Produire les corps de la différence comme « espèce » distincte
On peut considérer (rapidement) l’État contemporain comme l’enchâssement des réalités qu’impose conjointement l’État-nation et l’État-providence, comme ce qui est clôt juridiquement, en tant qu’espace territorial, et comme ce qui se délimite juridiquement comme production de la population (production de l’identité nationale et production des corps sains), et ainsi successivement, comme fonctions et actions publiques prenant en charge la vie sociale à nue : la naissance et les décès ; la vie et la mort ; le propre et le sale.
Les camps sont au cœur d’une action gouvernementale puisqu’ils constituent des lieux où le pouvoir est produit, des dispositifs à travers lesquels on institue une « différence », on classe, on répertorie, on assigne.
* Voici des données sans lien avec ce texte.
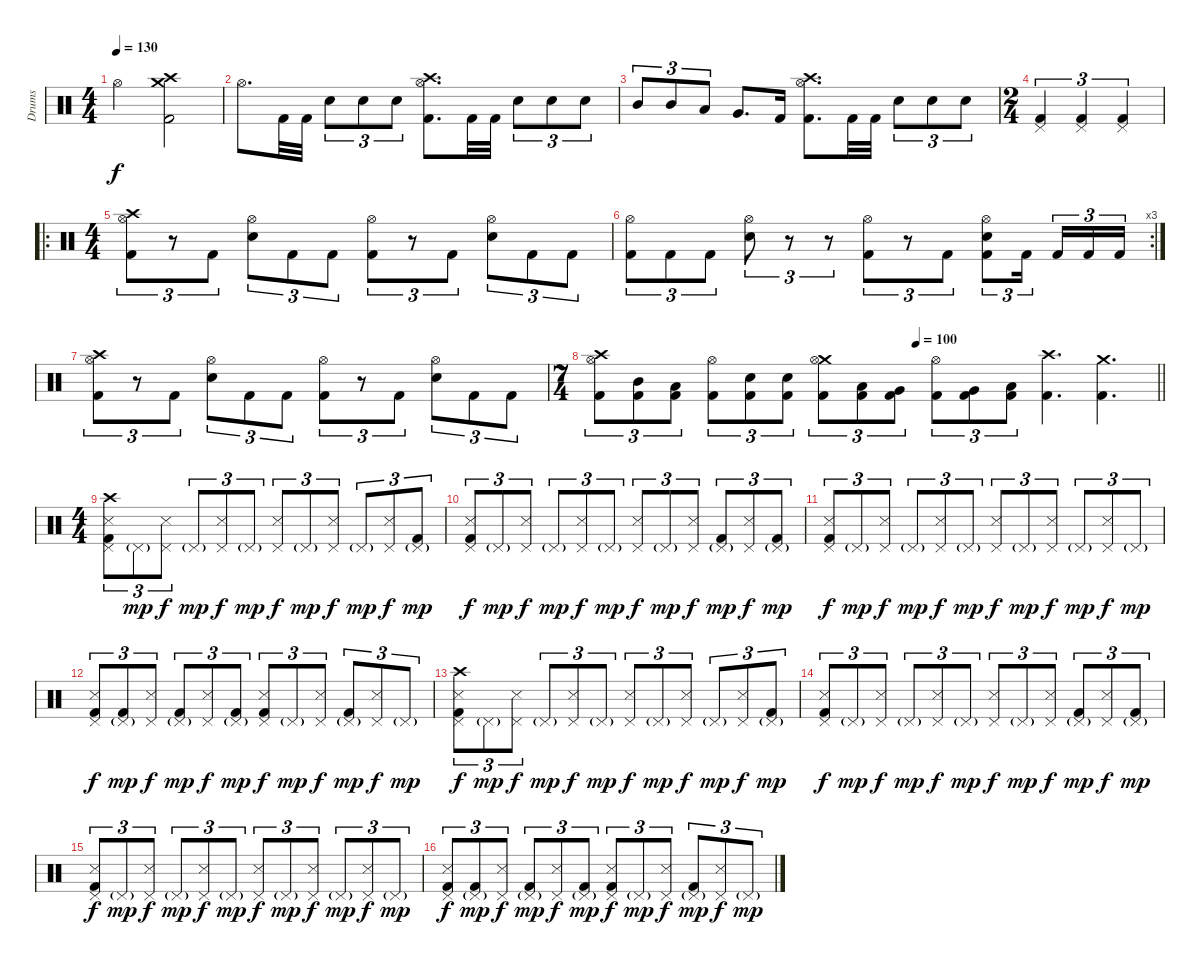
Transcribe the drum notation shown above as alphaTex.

\track ("Drums" "Drums") {instrument percussion}
\staff {score}
\articulation defaults
\ts (4 4)
\tempo 130
\clef neutral
\ks c "Hi-Hat (open)".2{dy f}
("Crash high (hit)" "Crash medium (hit)" "Kick (hit) 2").2 |
"Hi-Hat (open)".8{d} "Kick (hit) 2".32 "Kick (hit) 2".32 "Snare (hit) 2".8{tu (3 2)} "Snare (hit) 2".8{tu (3 2)} "Snare (hit) 2".8{tu (3 2)} ("Crash high (hit)" "Hi-Hat (open)" "Kick (hit) 2").8{d} "Kick (hit) 2".32 "Kick (hit) 2".32 "Snare (hit) 2".8{tu (3 2)} "Snare (hit) 2".8{tu (3 2)} "Snare (hit) 2".8{tu (3 2)} |
"Mid Tom (hit)".8{tu (3 2)} "Mid Tom (hit)".8{tu (3 2)} "Low Tom (hit)".8{tu (3 2)} "Very Low Tom (hit)".8{d} "Kick (hit) 2".16 ("Crash high (hit)" "Hi-Hat (open)" "Kick (hit) 2").8{d} "Kick (hit) 2".32 "Kick (hit) 2".32 "Snare (hit) 2".8{tu (3 2)} "Snare (hit) 2".8{tu (3 2)} "Snare (hit) 2".8{tu (3 2)} |
\ts (2 4)
("Pedal Hi-Hat (hit)" "Kick (hit) 2").4{tu (3 2)} ("Pedal Hi-Hat (hit)" "Kick (hit) 2").4{tu (3 2)} ("Pedal Hi-Hat (hit)" "Kick (hit) 2").4{tu (3 2)} |
\ro
\ts (4 4)
("Crash high (hit)" "Hi-Hat (open)" "Kick (hit) 2").8{tu (3 2)} r.8{tu (3 2)} "Kick (hit) 2".8{tu (3 2)} ("Hi-Hat (open)" "Snare (hit) 2").8{tu (3 2)} "Kick (hit) 2".8{tu (3 2)} "Kick (hit) 2".8{tu (3 2)} ("Hi-Hat (open)" "Kick (hit) 2").8{tu (3 2)} r.8{tu (3 2)} "Kick (hit) 2".8{tu (3 2)} ("Hi-Hat (open)" "Snare (hit) 2").8{tu (3 2)} "Kick (hit) 2".8{tu (3 2)} "Kick (hit) 2".8{tu (3 2)} |
\rc 3
("Hi-Hat (open)" "Kick (hit) 2").8{tu (3 2)} "Kick (hit) 2".8{tu (3 2)} "Kick (hit) 2".8{tu (3 2)} ("Hi-Hat (open)" "Snare (hit) 2").8{tu (3 2)} r.8{tu (3 2)} r.8{tu (3 2)} ("Hi-Hat (open)" "Kick (hit) 2").8{tu (3 2)} r.8{tu (3 2)} "Kick (hit) 2".8{tu (3 2)} ("Hi-Hat (open)" "Snare (hit) 2" "Kick (hit) 2").8{tu (3 2)} "Kick (hit) 2".16{tu (3 2) beam splitsecondary} "Kick (hit) 2".16{tu (3 2)} "Kick (hit) 2".16{tu (3 2)} "Kick (hit) 2".16{tu (3 2)} |
("Crash high (hit)" "Hi-Hat (open)" "Kick (hit) 2").8{tu (3 2)} r.8{tu (3 2)} "Kick (hit) 2".8{tu (3 2)} ("Hi-Hat (open)" "Snare (hit) 2").8{tu (3 2)} "Kick (hit) 2".8{tu (3 2)} "Kick (hit) 2".8{tu (3 2)} ("Hi-Hat (open)" "Kick (hit) 2").8{tu (3 2)} r.8{tu (3 2)} "Kick (hit) 2".8{tu (3 2)} ("Hi-Hat (open)" "Snare (hit) 2").8{tu (3 2)} "Kick (hit) 2".8{tu (3 2)} "Kick (hit) 2".8{tu (3 2)} |
\ts (7 4)
\tempo (100 0.5714285714285714)
\barLineRight lightlight
("Crash high (hit)" "Hi-Hat (open)" "Kick (hit) 2").8{tu (3 2)} ("Mid Tom (hit)" "Kick (hit) 2").8{tu (3 2)} ("Low Tom (hit)" "Kick (hit) 2").8{tu (3 2)} ("Hi-Hat (open)" "Kick (hit) 2").8{tu (3 2)} ("Snare (hit) 2" "Kick (hit) 2").8{tu (3 2)} ("Snare (hit) 2" "Kick (hit) 2").8{tu (3 2)} ("Crash medium (hit)" "Hi-Hat (open)" "Kick (hit) 2").8{tu (3 2)} ("Low Tom (hit)" "Kick (hit) 2").8{tu (3 2)} ("Very Low Tom (hit)" "Kick (hit) 2").8{tu (3 2)} ("Hi-Hat (open)" "Kick (hit) 2").8{tu (3 2)} ("Very Low Tom (hit)" "Kick (hit) 2").8{tu (3 2)} ("Low Floor Tom (hit)" "Kick (hit) 2").8{tu (3 2)} ("Crash high (hit)" "Kick (hit) 2").4{d} ("Crash medium (hit)" "Kick (hit) 2").4{d volume 8} |
\ts (4 4)
("Crash high (hit)" "Pedal Hi-Hat (hit)" "Snare (side stick) 3" "Kick (hit) 2").8{tu (3 2) volume 9} "Pedal Hi-Hat (hit)"{g}.8{tu (3 2) dy mp} ("Pedal Hi-Hat (hit)" "Snare (side stick) 3").8{tu (3 2) dy f} "Pedal Hi-Hat (hit)"{g}.8{tu (3 2) dy mp} ("Pedal Hi-Hat (hit)" "Snare (side stick) 3").8{tu (3 2) dy f} "Pedal Hi-Hat (hit)"{g}.8{tu (3 2) dy mp} ("Pedal Hi-Hat (hit)" "Snare (side stick) 3").8{tu (3 2) dy f} "Pedal Hi-Hat (hit)"{g}.8{tu (3 2) dy mp} ("Pedal Hi-Hat (hit)" "Snare (side stick) 3").8{tu (3 2) dy f} "Pedal Hi-Hat (hit)"{g}.8{tu (3 2) dy mp} ("Pedal Hi-Hat (hit)" "Snare (side stick) 3").8{tu (3 2) dy f} ("Pedal Hi-Hat (hit)"{g} "Kick (hit) 2").8{tu (3 2) dy mp} |
("Pedal Hi-Hat (hit)" "Snare (side stick) 3" "Kick (hit) 2").8{tu (3 2) dy f} "Pedal Hi-Hat (hit)"{g}.8{tu (3 2) dy mp} ("Pedal Hi-Hat (hit)" "Snare (side stick) 3").8{tu (3 2) dy f} "Pedal Hi-Hat (hit)"{g}.8{tu (3 2) dy mp} ("Pedal Hi-Hat (hit)" "Snare (side stick) 3").8{tu (3 2) dy f} "Pedal Hi-Hat (hit)"{g}.8{tu (3 2) dy mp} ("Pedal Hi-Hat (hit)" "Snare (side stick) 3").8{tu (3 2) dy f} "Pedal Hi-Hat (hit)"{g}.8{tu (3 2) dy mp} ("Pedal Hi-Hat (hit)" "Snare (side stick) 3").8{tu (3 2) dy f} ("Pedal Hi-Hat (hit)"{g} "Kick (hit) 2").8{tu (3 2) dy mp} ("Pedal Hi-Hat (hit)" "Snare (side stick) 3").8{tu (3 2) dy f} ("Pedal Hi-Hat (hit)"{g} "Kick (hit) 2").8{tu (3 2) dy mp} |
("Pedal Hi-Hat (hit)" "Snare (side stick) 3" "Kick (hit) 2").8{tu (3 2) dy f} "Pedal Hi-Hat (hit)"{g}.8{tu (3 2) dy mp} ("Pedal Hi-Hat (hit)" "Snare (side stick) 3").8{tu (3 2) dy f} "Pedal Hi-Hat (hit)"{g}.8{tu (3 2) dy mp} ("Pedal Hi-Hat (hit)" "Snare (side stick) 3").8{tu (3 2) dy f} "Pedal Hi-Hat (hit)"{g}.8{tu (3 2) dy mp} ("Pedal Hi-Hat (hit)" "Snare (side stick) 3").8{tu (3 2) dy f} "Pedal Hi-Hat (hit)"{g}.8{tu (3 2) dy mp} ("Pedal Hi-Hat (hit)" "Snare (side stick) 3").8{tu (3 2) dy f} "Pedal Hi-Hat (hit)"{g}.8{tu (3 2) dy mp} ("Pedal Hi-Hat (hit)" "Snare (side stick) 3").8{tu (3 2) dy f} "Pedal Hi-Hat (hit)"{g}.8{tu (3 2) dy mp} |
("Pedal Hi-Hat (hit)" "Snare (side stick) 3" "Kick (hit) 2").8{tu (3 2) dy f} ("Pedal Hi-Hat (hit)"{g} "Kick (hit) 2").8{tu (3 2) dy mp} ("Pedal Hi-Hat (hit)" "Snare (side stick) 3").8{tu (3 2) dy f} ("Pedal Hi-Hat (hit)"{g} "Kick (hit) 2").8{tu (3 2) dy mp} ("Pedal Hi-Hat (hit)" "Snare (side stick) 3").8{tu (3 2) dy f} ("Pedal Hi-Hat (hit)"{g} "Kick (hit) 2").8{tu (3 2) dy mp} ("Pedal Hi-Hat (hit)" "Snare (side stick) 3" "Kick (hit) 2").8{tu (3 2) dy f} "Pedal Hi-Hat (hit)"{g}.8{tu (3 2) dy mp} ("Pedal Hi-Hat (hit)" "Snare (side stick) 3").8{tu (3 2) dy f} ("Pedal Hi-Hat (hit)"{g} "Kick (hit) 2").8{tu (3 2) dy mp} ("Pedal Hi-Hat (hit)" "Snare (side stick) 3").8{tu (3 2) dy f} "Pedal Hi-Hat (hit)"{g}.8{tu (3 2) dy mp} |
("Crash high (hit)" "Pedal Hi-Hat (hit)" "Snare (side stick) 3" "Kick (hit) 2").8{tu (3 2) dy f} "Pedal Hi-Hat (hit)"{g}.8{tu (3 2) dy mp} ("Pedal Hi-Hat (hit)" "Snare (side stick) 3").8{tu (3 2) dy f} "Pedal Hi-Hat (hit)"{g}.8{tu (3 2) dy mp} ("Pedal Hi-Hat (hit)" "Snare (side stick) 3").8{tu (3 2) dy f} "Pedal Hi-Hat (hit)"{g}.8{tu (3 2) dy mp} ("Pedal Hi-Hat (hit)" "Snare (side stick) 3").8{tu (3 2) dy f} "Pedal Hi-Hat (hit)"{g}.8{tu (3 2) dy mp} ("Pedal Hi-Hat (hit)" "Snare (side stick) 3").8{tu (3 2) dy f} "Pedal Hi-Hat (hit)"{g}.8{tu (3 2) dy mp} ("Pedal Hi-Hat (hit)" "Snare (side stick) 3").8{tu (3 2) dy f} ("Pedal Hi-Hat (hit)"{g} "Kick (hit) 2").8{tu (3 2) dy mp} |
("Pedal Hi-Hat (hit)" "Snare (side stick) 3" "Kick (hit) 2").8{tu (3 2) dy f} "Pedal Hi-Hat (hit)"{g}.8{tu (3 2) dy mp} ("Pedal Hi-Hat (hit)" "Snare (side stick) 3").8{tu (3 2) dy f} "Pedal Hi-Hat (hit)"{g}.8{tu (3 2) dy mp} ("Pedal Hi-Hat (hit)" "Snare (side stick) 3").8{tu (3 2) dy f} "Pedal Hi-Hat (hit)"{g}.8{tu (3 2) dy mp} ("Pedal Hi-Hat (hit)" "Snare (side stick) 3").8{tu (3 2) dy f} "Pedal Hi-Hat (hit)"{g}.8{tu (3 2) dy mp} ("Pedal Hi-Hat (hit)" "Snare (side stick) 3").8{tu (3 2) dy f} ("Pedal Hi-Hat (hit)"{g} "Kick (hit) 2").8{tu (3 2) dy mp} ("Pedal Hi-Hat (hit)" "Snare (side stick) 3").8{tu (3 2) dy f} ("Pedal Hi-Hat (hit)"{g} "Kick (hit) 2").8{tu (3 2) dy mp} |
("Pedal Hi-Hat (hit)" "Snare (side stick) 3" "Kick (hit) 2").8{tu (3 2) dy f} "Pedal Hi-Hat (hit)"{g}.8{tu (3 2) dy mp} ("Pedal Hi-Hat (hit)" "Snare (side stick) 3").8{tu (3 2) dy f} "Pedal Hi-Hat (hit)"{g}.8{tu (3 2) dy mp} ("Pedal Hi-Hat (hit)" "Snare (side stick) 3").8{tu (3 2) dy f} "Pedal Hi-Hat (hit)"{g}.8{tu (3 2) dy mp} ("Pedal Hi-Hat (hit)" "Snare (side stick) 3").8{tu (3 2) dy f} "Pedal Hi-Hat (hit)"{g}.8{tu (3 2) dy mp} ("Pedal Hi-Hat (hit)" "Snare (side stick) 3").8{tu (3 2) dy f} "Pedal Hi-Hat (hit)"{g}.8{tu (3 2) dy mp} ("Pedal Hi-Hat (hit)" "Snare (side stick) 3").8{tu (3 2) dy f} "Pedal Hi-Hat (hit)"{g}.8{tu (3 2) dy mp} |
("Pedal Hi-Hat (hit)" "Snare (side stick) 3" "Kick (hit) 2").8{tu (3 2) dy f} ("Pedal Hi-Hat (hit)"{g} "Kick (hit) 2").8{tu (3 2) dy mp} ("Pedal Hi-Hat (hit)" "Snare (side stick) 3").8{tu (3 2) dy f} ("Pedal Hi-Hat (hit)"{g} "Kick (hit) 2").8{tu (3 2) dy mp} ("Pedal Hi-Hat (hit)" "Snare (side stick) 3").8{tu (3 2) dy f} ("Pedal Hi-Hat (hit)"{g} "Kick (hit) 2").8{tu (3 2) dy mp} ("Pedal Hi-Hat (hit)" "Snare (side stick) 3" "Kick (hit) 2").8{tu (3 2) dy f} "Pedal Hi-Hat (hit)"{g}.8{tu (3 2) dy mp} ("Pedal Hi-Hat (hit)" "Snare (side stick) 3").8{tu (3 2) dy f} ("Pedal Hi-Hat (hit)"{g} "Kick (hit) 2").8{tu (3 2) dy mp} ("Pedal Hi-Hat (hit)" "Snare (side stick) 3").8{tu (3 2) dy f} "Pedal Hi-Hat (hit)"{g}.8{tu (3 2) dy mp}

Cette technique de gouvernement permet de conférer des statuts à ceux qui n’en n’ont pas, et par ailleurs rationnalise et légitime l’action qui conduit à trier, interner, punir, déporter, rapatrier. Le caractère productif d’un camp est ainsi comme l’expose Federico Rahola, « une productivité qui consiste justement à « donner forme » et à ratifier une différence radicale : en définissant celui qui est passible d’internement, puis en gérant les corps des internés – à savoir en les disciplinant, en les assujettissant, en les administrant, en les clandestinisant » [14].
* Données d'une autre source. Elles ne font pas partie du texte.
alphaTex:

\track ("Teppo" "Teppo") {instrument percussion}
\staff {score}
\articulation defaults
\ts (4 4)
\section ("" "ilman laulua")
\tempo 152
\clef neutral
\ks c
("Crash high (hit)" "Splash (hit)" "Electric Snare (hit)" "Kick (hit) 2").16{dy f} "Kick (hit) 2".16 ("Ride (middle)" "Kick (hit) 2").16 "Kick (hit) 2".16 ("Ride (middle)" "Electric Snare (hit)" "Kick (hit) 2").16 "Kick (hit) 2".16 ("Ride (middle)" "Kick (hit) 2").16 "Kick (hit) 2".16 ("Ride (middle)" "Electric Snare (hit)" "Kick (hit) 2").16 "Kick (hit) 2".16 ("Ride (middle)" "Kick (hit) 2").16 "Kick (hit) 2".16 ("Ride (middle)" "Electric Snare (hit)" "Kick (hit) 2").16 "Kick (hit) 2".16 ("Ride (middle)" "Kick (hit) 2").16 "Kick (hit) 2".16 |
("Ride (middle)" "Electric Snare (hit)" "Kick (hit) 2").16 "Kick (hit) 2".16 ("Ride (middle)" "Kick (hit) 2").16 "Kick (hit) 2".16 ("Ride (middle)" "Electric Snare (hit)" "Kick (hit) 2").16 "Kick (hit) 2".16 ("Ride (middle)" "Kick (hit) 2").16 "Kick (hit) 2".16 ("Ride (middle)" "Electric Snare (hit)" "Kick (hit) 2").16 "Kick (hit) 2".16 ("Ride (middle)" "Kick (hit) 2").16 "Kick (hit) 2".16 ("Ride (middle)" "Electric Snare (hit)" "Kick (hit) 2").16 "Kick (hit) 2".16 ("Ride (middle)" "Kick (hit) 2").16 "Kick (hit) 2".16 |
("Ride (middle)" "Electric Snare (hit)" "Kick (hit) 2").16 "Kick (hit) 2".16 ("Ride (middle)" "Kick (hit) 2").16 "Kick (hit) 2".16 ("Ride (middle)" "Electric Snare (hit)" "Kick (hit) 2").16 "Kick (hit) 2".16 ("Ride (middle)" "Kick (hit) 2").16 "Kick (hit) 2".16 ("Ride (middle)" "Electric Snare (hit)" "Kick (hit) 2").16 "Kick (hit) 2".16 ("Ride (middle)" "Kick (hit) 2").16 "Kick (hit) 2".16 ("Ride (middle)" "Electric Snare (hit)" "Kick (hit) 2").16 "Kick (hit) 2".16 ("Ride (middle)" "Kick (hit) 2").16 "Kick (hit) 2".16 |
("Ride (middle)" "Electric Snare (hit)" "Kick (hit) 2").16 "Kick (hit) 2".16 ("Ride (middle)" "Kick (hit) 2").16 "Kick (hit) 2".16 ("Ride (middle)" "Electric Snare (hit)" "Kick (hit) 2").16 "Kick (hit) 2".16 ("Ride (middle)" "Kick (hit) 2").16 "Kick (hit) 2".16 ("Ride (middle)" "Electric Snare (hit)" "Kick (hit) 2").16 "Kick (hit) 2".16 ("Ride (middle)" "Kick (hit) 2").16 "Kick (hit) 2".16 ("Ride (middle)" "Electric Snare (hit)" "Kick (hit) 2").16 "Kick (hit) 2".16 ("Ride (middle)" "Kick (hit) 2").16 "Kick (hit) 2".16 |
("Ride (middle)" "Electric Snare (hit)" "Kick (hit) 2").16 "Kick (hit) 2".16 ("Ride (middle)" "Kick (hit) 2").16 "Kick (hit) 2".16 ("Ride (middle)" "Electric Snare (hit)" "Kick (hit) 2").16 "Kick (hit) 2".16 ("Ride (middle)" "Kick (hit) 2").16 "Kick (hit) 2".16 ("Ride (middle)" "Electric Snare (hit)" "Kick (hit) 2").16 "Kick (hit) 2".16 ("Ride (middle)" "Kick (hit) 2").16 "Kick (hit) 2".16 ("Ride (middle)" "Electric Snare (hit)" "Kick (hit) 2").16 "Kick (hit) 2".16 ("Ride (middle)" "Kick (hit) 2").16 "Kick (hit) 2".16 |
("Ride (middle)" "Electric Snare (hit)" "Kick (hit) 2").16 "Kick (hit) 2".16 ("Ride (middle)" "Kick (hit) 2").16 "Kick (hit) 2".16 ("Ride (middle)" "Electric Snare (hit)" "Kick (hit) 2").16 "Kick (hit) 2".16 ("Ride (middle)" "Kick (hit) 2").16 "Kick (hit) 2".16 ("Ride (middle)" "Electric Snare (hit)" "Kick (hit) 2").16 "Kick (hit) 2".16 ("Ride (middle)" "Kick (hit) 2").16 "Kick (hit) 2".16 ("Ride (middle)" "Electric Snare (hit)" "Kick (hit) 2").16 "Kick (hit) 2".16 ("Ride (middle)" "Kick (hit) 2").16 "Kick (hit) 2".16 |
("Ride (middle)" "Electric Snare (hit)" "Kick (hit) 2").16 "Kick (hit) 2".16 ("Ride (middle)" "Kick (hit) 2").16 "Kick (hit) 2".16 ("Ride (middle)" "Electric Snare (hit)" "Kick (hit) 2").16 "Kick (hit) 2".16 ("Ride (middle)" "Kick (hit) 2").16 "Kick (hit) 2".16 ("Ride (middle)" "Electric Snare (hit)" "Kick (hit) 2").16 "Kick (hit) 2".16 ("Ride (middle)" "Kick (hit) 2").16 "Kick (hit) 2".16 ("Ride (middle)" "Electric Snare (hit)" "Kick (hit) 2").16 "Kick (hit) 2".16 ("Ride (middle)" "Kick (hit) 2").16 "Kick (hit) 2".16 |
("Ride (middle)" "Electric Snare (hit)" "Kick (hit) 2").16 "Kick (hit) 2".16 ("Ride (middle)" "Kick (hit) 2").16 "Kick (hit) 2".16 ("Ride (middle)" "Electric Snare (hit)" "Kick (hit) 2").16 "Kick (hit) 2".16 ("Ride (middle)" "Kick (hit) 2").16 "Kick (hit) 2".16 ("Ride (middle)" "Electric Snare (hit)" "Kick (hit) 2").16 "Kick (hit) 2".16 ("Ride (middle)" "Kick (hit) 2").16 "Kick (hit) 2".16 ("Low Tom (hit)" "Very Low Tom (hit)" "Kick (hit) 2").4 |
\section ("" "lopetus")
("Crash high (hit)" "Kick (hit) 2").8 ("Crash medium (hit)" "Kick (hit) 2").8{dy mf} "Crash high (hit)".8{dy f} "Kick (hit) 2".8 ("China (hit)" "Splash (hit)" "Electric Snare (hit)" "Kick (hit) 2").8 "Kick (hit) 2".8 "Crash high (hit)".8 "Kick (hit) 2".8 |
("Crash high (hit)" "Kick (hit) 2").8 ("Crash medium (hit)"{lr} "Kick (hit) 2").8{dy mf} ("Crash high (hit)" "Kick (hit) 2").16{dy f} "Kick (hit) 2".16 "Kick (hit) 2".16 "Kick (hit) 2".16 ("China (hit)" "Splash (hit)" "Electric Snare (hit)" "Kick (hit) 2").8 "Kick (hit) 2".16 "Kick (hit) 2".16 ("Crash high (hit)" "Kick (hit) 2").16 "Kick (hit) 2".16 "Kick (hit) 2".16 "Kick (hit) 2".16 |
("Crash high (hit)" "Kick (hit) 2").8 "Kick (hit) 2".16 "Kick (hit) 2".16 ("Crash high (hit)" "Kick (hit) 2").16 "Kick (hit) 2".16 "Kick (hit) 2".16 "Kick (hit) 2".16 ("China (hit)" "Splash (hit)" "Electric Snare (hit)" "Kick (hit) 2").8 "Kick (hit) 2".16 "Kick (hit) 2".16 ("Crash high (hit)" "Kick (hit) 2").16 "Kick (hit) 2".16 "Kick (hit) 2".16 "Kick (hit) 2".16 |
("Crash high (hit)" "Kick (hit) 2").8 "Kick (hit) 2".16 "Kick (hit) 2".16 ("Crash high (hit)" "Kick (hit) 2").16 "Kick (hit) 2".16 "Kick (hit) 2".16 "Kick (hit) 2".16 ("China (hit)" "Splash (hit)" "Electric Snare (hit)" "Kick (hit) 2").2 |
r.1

Le camp est une pure « technologie de pouvoir » au sens où Foucault l’entend[15]. Il ne s’agit plus d’un espace de pouvoir traditionnel où s’exerce la puissance de justice de l’État (« faire mourir ou laisser vivre »), il est désormais traversé par un « pouvoir exactement inverse ». Le camp est le lieu qui permet de « « faire » vivre et de « laisser » mourir. » Il est un au-delà disciplinaire, une « nouvelle technologie qui se met en place [et] s’adresse à la multiplicité des hommes, mais non pas tant qu’ils se résument à des corps, mais en tant qu’elle forme, au contraire, une masse globale, affectée de processus d’ensemble qui sont propres à la vie, et qui sont des processus comme la naissance, la mort, la production, la maladie, etc. » C’est là le passage d’une « anatomo-politique du corps humain vers une « biopolitique » de l’espèce humaine. »[16]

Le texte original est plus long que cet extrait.